Иначе смотрит на это Василий. Он не дерзает ни противопоставлять Писание и Предание, ни заявлять о потенциальной способности монашеской культуры заново написать (или переписать с точки зрения своего понимания?) Библию, свидетельствуя лишь о способности человека, причастного к Преданию, понимать Писание и различать письмена. Позднее, рассуждая о Халкидонском соборе и малабарских христианах (1961), он выскажется более определенно: «Нельзя… отождествлять по своему значению богословско–догматические определения Вселенских Соборов со Священным Писанием. Писание есть непосредственное свидетельство Церкви об Откровении Божием… Соборные постановления не являются таким непосредственным свидетельством об Откровении, они, скорее, могут быть названы его истолкованием» [8] Богословские труды… С. 255.
. Здесь владыка выступает законным наследником святителя Филарета Московского, считавшего Писание единственно «чистым и достаточным источником учения веры», «священной памятью Божественных слов» для их непрерывного и единообразного сохранения: «допускать ненаписанное слово Божие равносильное писанному, не только в управлении Церковью, но и в догматах, значит подвергать себя опасности разорить заповедь Божию за предание человеческое» [9] Цит. по: Флоровский. Г., прот. Пути русского богословия. Изд. 4–е. YMCA–Press, 1988. С. 177–178.
.
Оказывается, можно не сталкивать и не сравнивать. Навеянный полемикой времен Реформации вопрос о том, что «главнее», даже не возникает в живом потоке традиции, которая ищет в предании отцов не историческую опору для потерявшего равновесие современного человека, а свежесть новой жизни во Христе. Этим и может объясняться раздраженная реакция протопресвитера Александра Шмемана на «ученые копания» в святых отцах, цель которых, по крайней мере для некоторых, — боязливая консервация церковной жизни, низводимой на потребительский уровень.
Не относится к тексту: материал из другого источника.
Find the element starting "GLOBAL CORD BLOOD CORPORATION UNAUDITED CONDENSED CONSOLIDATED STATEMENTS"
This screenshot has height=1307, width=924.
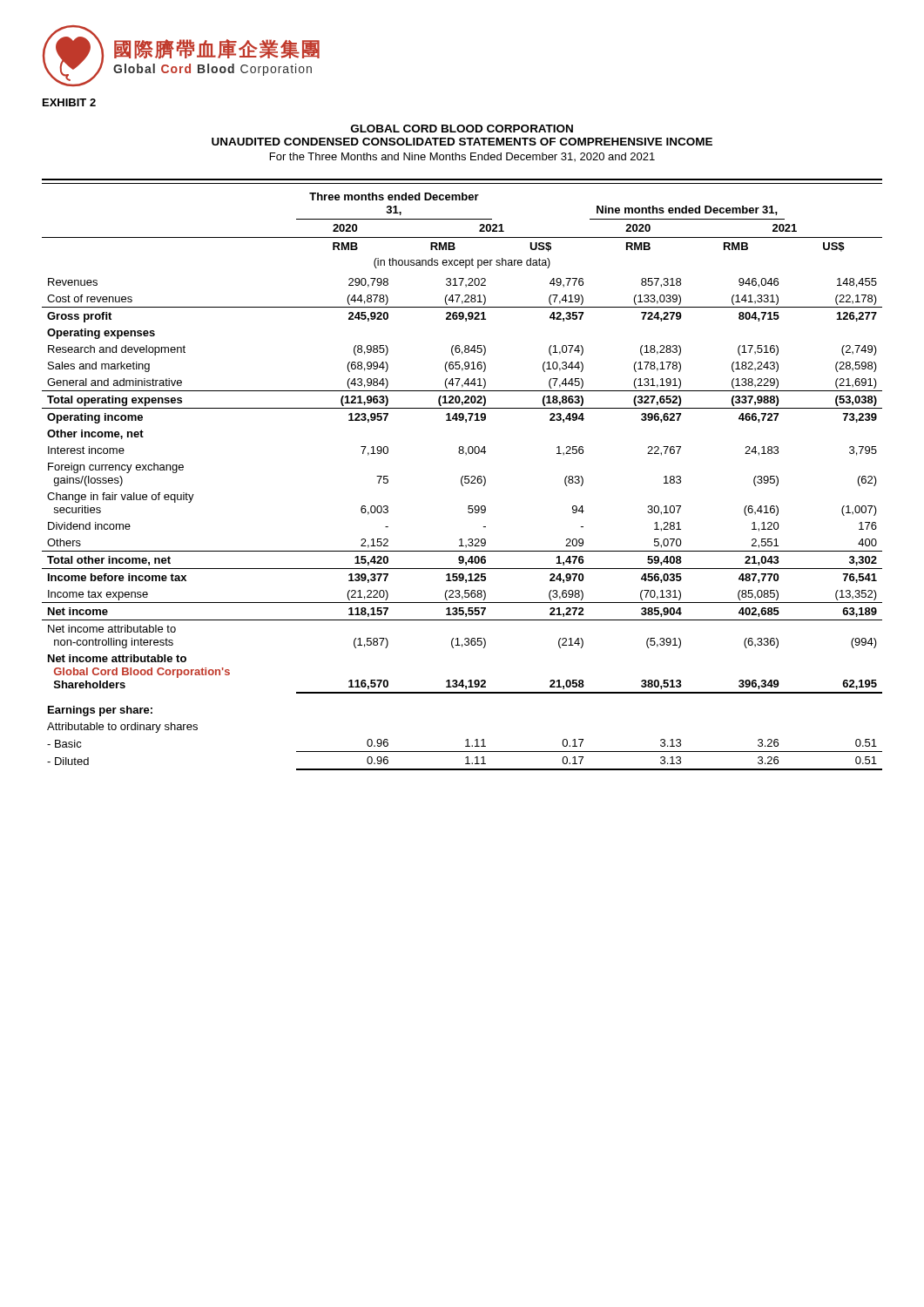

Эта тема возникала в дневниках отца Александра Шмемана чуть ранее, и тоже в связи с владыкой Василием, после встречи профессоров Свято–Владимирской семинарии с делегатами II Конференции богословских школ в Пендели под Афинами, состоявшейся в сентябре того же 1976 года: «Слушал и думал: какая странная эпоха, сколько «выдуманного» — редукция всего в Православии к «Отцам» и «духовности». Из них сделали каких–то идолов, какую–то панацею от всех зол. Торжество в наши дни сектантского только. Только отцы, только «Добротолюбие», только Типикон… Убожество и какая–то глубочайшая несерьезность и бездарность всего этого» [10] Шмеман А., прот. Дневники. С. 298.
.
Тень «сектантского редукционизма» падает и на «идеал образованного архиерея», каким был в глазах отца Александра архиепископ Василий. Впрочем, как личность одного не нуждается в оправдании, так и мнение другого — в истолковании. Но приведенная выше цепочка сопоставлений и оценок ставит вопрос: в чем действительно видел цель богословия, «смысл ученых копаний» сам преосвященный автор? Перед нами тема: сочетание Афона и богословия в жизни владыки, подлинное содержание святоотеческого наследия в Церкви.
Сам он никогда не писал (а может быть, и не задумывался) на эту тему. Что вообще свойственно богословской мысли древней Церкви — так это отсутствие экзальтированной саморефлексии. Обязательное изложение собственной методологии с целью показать, как исследователь пришел к тем или иным выводам, давало возможность проверки оппонентом приобретенного знания. Это было особенно важно со времен схоластики и науки Нового времени. Ранее об этом можно было догадаться лишь косвенно.
Характеризуя учение о Церкви свт. Василия Великого (эту статью владыки читатель найдет в настоящем сборнике), архиепископ Василий отмечает, что святитель не оставил труда, где бы он излагал свое учение систематически: «Мы вынуждены искать в его творениях отдельные разбросанные места, в них речь о Церкви всегда как бы мимоходом и обыкновенно очень кратка. Они есть почти во всех его трудах… и особенно в письмах. Последние для нас наиболее интересны, так как выявляют отношение великого архиепископа к церковным вопросам своего времени, его реакцию на церковные события. Это отношение пополняет и делает более понятными отдельные мысли о Церкви». То же самое мы должны сказать и в отношении богословского наследия владыки Василия. В нем, как и в частных письмах, раскрываются стиль и норма, отношение к происходящему в Церкви и с Церковью. Так же как и различные события его биографии позволяют нам понять истоки этой стилистики.